◆ What you are asked to do: Set down the whole listing below exactly. The pictures stay out.

◆ Data for this task:
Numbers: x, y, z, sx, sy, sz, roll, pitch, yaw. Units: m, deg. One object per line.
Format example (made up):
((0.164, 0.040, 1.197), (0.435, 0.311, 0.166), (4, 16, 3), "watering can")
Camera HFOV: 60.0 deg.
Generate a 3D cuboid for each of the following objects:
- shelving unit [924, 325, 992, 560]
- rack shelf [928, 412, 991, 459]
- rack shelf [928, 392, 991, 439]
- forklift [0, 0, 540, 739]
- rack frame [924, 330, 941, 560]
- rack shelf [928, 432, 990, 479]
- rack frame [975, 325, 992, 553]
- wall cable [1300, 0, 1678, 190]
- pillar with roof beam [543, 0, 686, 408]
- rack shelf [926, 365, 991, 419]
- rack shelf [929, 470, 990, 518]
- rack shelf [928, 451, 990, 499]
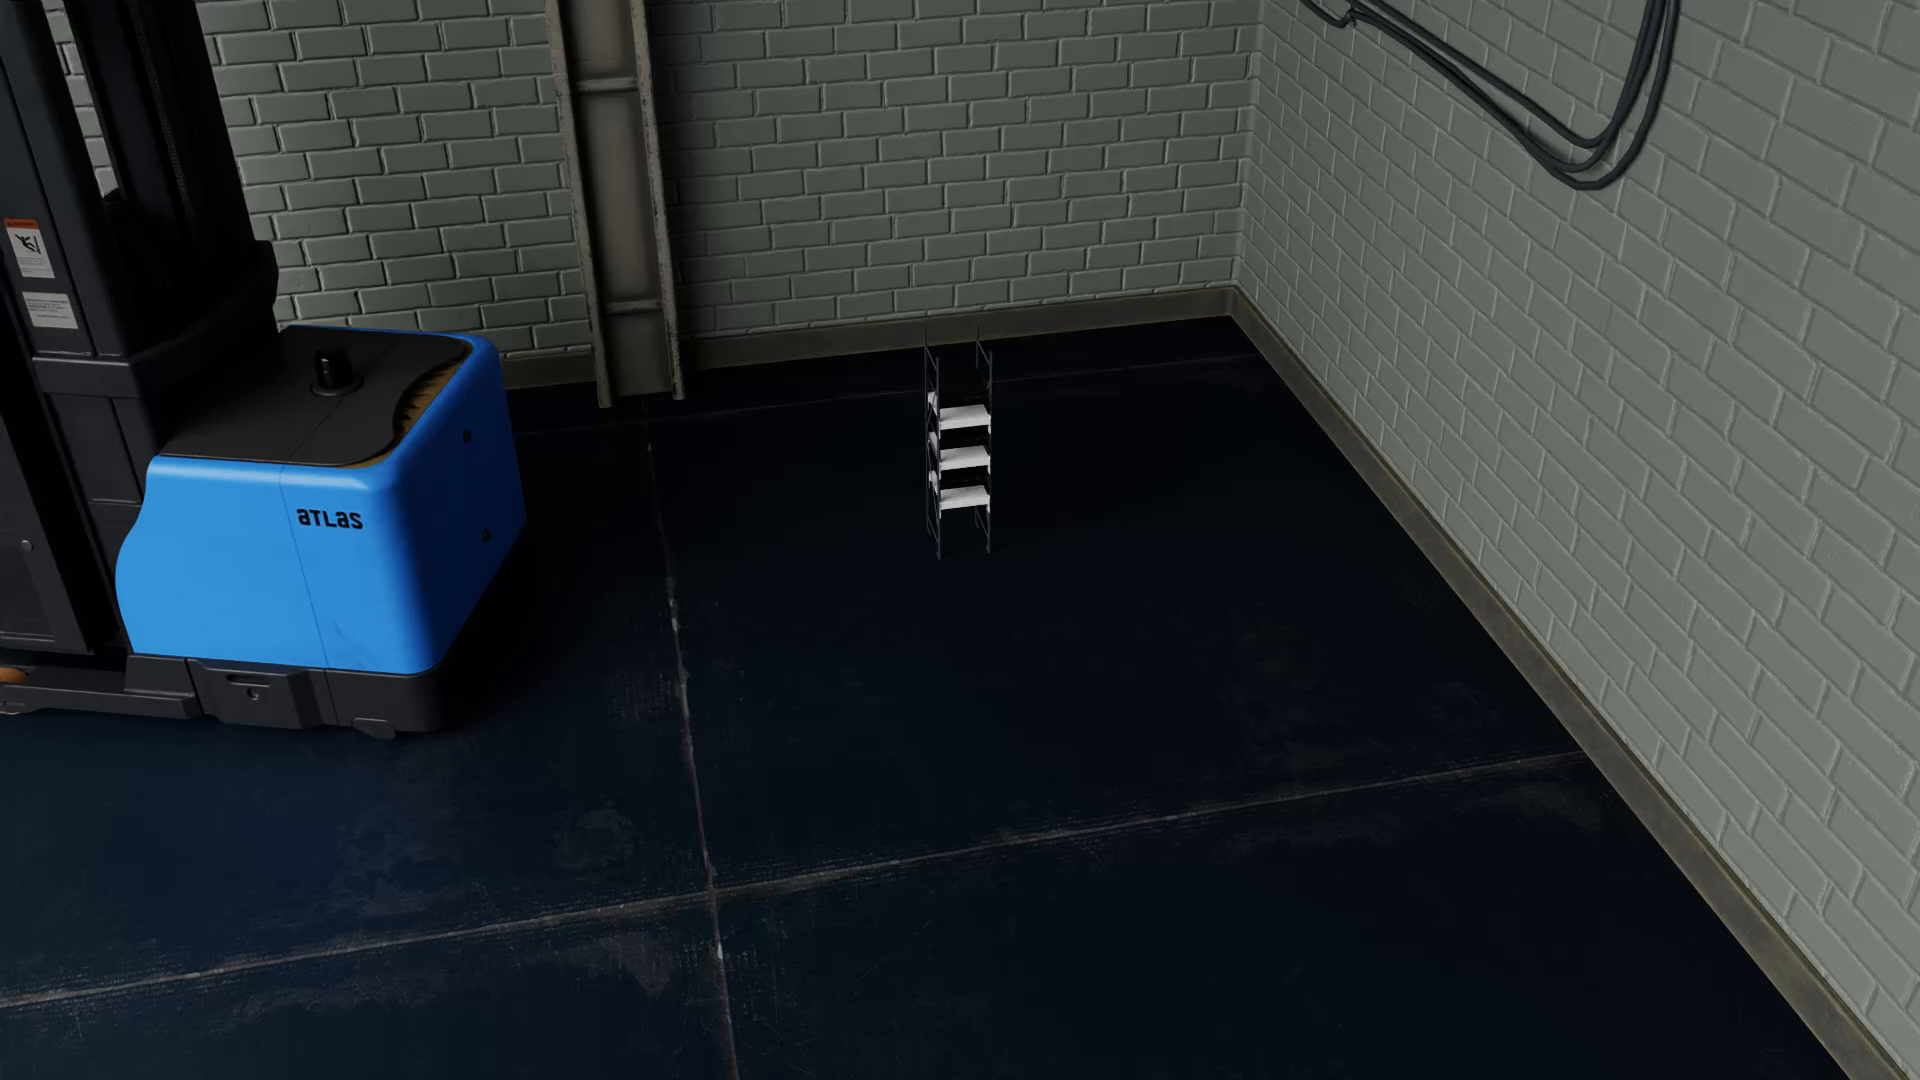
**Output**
((-0.008, -0.373, 6.498), (0.210, 0.900, 0.258), (-7, 35, -11), "shelving unit")
((-0.008, -0.420, 6.466), (0.200, 0.077, 0.258), (-7, 35, -11), "rack shelf")
((-0.008, -0.494, 6.416), (0.200, 0.077, 0.258), (-7, 35, -11), "rack shelf")
((-3.179, -0.891, 5.448), (3.031, 2.935, 1.130), (4, 34, 6), "forklift")
((-0.107, -0.360, 6.479), (0.006, 0.900, 0.240), (-7, 35, -11), "rack frame")
((-0.008, -0.345, 6.516), (0.200, 0.077, 0.258), (-7, 35, -11), "rack shelf")
((0.091, -0.385, 6.516), (0.006, 0.900, 0.240), (-7, 35, -11), "rack frame")
((1.666, -2.807, 5.643), (0.112, 2.526, 3.097), (-7, 35, -11), "wall cable")
((-0.550, -2.113, 1.823), (0.400, 9.000, 9.100), (-7, 35, -11), "pillar with roof beam")
((-0.008, -0.569, 6.366), (0.200, 0.077, 0.258), (-7, 35, -11), "rack shelf")
((-0.008, -0.196, 6.617), (0.200, 0.077, 0.258), (-7, 35, -11), "rack shelf")
((-0.008, -0.270, 6.566), (0.200, 0.077, 0.258), (-7, 35, -11), "rack shelf")

◆ Output:
Numbers: x, y, z, sx, sy, sz, roll, pitch, yaw. Units: m, deg. One object per line.
Format example (made up):
((0.164, 0.040, 1.197), (0.435, 0.311, 0.166), (4, 16, 3), "watering can")
Camera HFOV: 60.0 deg.
Generate a 3D cuboid for each of the following objects:
- shelving unit [924, 325, 992, 560]
- rack shelf [928, 412, 991, 459]
- rack shelf [928, 392, 991, 439]
- forklift [0, 0, 540, 739]
- rack frame [924, 330, 941, 560]
- rack shelf [928, 432, 990, 479]
- rack frame [975, 325, 992, 553]
- wall cable [1300, 0, 1678, 190]
- pillar with roof beam [543, 0, 686, 408]
- rack shelf [926, 365, 991, 419]
- rack shelf [929, 470, 990, 518]
- rack shelf [928, 451, 990, 499]
**Output**
((-0.008, -0.373, 6.498), (0.210, 0.900, 0.258), (-7, 35, -11), "shelving unit")
((-0.008, -0.420, 6.466), (0.200, 0.077, 0.258), (-7, 35, -11), "rack shelf")
((-0.008, -0.494, 6.416), (0.200, 0.077, 0.258), (-7, 35, -11), "rack shelf")
((-3.179, -0.891, 5.448), (3.031, 2.935, 1.130), (4, 34, 6), "forklift")
((-0.107, -0.360, 6.479), (0.006, 0.900, 0.240), (-7, 35, -11), "rack frame")
((-0.008, -0.345, 6.516), (0.200, 0.077, 0.258), (-7, 35, -11), "rack shelf")
((0.091, -0.385, 6.516), (0.006, 0.900, 0.240), (-7, 35, -11), "rack frame")
((1.666, -2.807, 5.643), (0.112, 2.526, 3.097), (-7, 35, -11), "wall cable")
((-0.550, -2.113, 1.823), (0.400, 9.000, 9.100), (-7, 35, -11), "pillar with roof beam")
((-0.008, -0.569, 6.366), (0.200, 0.077, 0.258), (-7, 35, -11), "rack shelf")
((-0.008, -0.196, 6.617), (0.200, 0.077, 0.258), (-7, 35, -11), "rack shelf")
((-0.008, -0.270, 6.566), (0.200, 0.077, 0.258), (-7, 35, -11), "rack shelf")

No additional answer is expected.